Records for processing ->
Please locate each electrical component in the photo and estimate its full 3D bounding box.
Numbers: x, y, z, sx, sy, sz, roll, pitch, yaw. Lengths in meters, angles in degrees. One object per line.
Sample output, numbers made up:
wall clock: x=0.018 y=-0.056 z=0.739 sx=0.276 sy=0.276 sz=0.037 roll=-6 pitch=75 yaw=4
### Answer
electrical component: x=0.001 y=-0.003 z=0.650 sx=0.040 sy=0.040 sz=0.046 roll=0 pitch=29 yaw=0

Work item -> Copy every record exactly.

Result of this task ->
Please locate each electrical component in the photo and estimate its full 3D bounding box.
Numbers: x, y, z, sx, sy, sz, roll, pitch, yaw. Lengths in meters, angles in degrees. One object per line.
Sample output, numbers made up:
wall clock: x=0.018 y=-0.056 z=0.739 sx=0.276 sy=0.276 sz=0.037 roll=-6 pitch=75 yaw=4
### Answer
electrical component: x=0.001 y=-0.003 z=0.650 sx=0.040 sy=0.040 sz=0.046 roll=0 pitch=29 yaw=0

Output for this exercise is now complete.